Sometimes Kobe doesn’t get the credit he deserves as a defender. Maybe it’s because he never won a DPOY award, but let’s not forget he was on NINE All-Defensive First Teams. Maybe it’s because he was so great on offense, but much of it was fueled by the same competitiveness he brought on defense. Either way, there’s no question Kobe is a top-5 perimeter defender.


“The Glove” is the only point guard ever to win DPOY; however, it’s almost surprising that he wasn’t able to win more. The 6'4 Payton strengths were toughness, courage, strong footwork combined with rarely seen skills for a point guard to dominate on the other end of the court. He also played well on the lanes, as he did manage to lead twice in steals per game. And talk about consistency … Payton was on the All-Defensive First Team from 1994-2002 … “The Glove” was ruthless.
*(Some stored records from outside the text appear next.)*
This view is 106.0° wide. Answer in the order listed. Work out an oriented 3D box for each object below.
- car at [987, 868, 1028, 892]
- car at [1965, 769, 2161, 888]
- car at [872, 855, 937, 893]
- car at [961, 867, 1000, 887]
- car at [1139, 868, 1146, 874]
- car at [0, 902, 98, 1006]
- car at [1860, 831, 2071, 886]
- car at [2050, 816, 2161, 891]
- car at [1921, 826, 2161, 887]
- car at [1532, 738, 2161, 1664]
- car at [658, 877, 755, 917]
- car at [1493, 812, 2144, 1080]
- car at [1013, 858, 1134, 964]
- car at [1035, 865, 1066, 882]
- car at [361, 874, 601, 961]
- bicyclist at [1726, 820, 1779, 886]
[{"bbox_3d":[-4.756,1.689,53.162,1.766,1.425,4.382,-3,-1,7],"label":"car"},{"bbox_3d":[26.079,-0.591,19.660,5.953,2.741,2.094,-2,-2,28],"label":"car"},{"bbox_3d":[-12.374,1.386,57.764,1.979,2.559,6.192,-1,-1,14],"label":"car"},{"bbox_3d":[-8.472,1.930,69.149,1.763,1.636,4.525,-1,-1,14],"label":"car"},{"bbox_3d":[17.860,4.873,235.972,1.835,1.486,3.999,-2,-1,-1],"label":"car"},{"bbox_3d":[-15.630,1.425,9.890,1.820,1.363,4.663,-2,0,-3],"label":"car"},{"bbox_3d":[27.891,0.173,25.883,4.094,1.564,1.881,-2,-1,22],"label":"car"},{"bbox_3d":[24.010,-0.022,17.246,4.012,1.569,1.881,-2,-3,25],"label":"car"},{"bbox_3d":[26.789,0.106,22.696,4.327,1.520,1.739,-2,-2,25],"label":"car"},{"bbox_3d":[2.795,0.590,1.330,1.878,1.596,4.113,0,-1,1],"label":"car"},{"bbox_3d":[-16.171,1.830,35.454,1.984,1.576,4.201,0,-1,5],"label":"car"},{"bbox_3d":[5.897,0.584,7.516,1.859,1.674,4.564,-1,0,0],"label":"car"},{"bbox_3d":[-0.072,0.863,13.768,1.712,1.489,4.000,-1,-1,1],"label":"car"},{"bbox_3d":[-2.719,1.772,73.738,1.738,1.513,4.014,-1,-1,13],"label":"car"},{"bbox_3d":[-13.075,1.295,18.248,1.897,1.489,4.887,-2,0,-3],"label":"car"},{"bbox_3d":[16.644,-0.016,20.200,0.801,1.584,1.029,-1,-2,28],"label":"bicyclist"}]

Jordan isn’t the greatest player of all time just for his offensive accomplishments. He might have been even better at defense when he needed to be. His Airness had the complete package of defense a coach would want from his 2-guard. Jordan had quick feet, bruising physicality, active hands, and a tireless motor. In the same season (1987-88) that he had a league-leading 35.0 points and 24 field-goal attempts per game, he also topped the league in steals (3.2) and won Defensive Player of the Year. No one has replicated that feat.


Like Kobe, Pippen shockingly never won DPOY but is widely renowned as one of the (if not the) greatest perimeter defender ever. His length combined with versatility and quickness made him a matchup nightmare for practically any opposing wing players. Pippin did make the All-Defensive First Team for eight consecutive seasons in the ’90s. Pippen led the league in steals in 1994-95, and he was in the top 10 in steals for five seasons.

If he played in today’s NBA, Pippen would still be an overwhelming defensive force, and arguably the best all-around defender. Even with today’s rules prohibiting hand checks, Pippen’s footwork and quickness would shine. His talent easily transcends generations.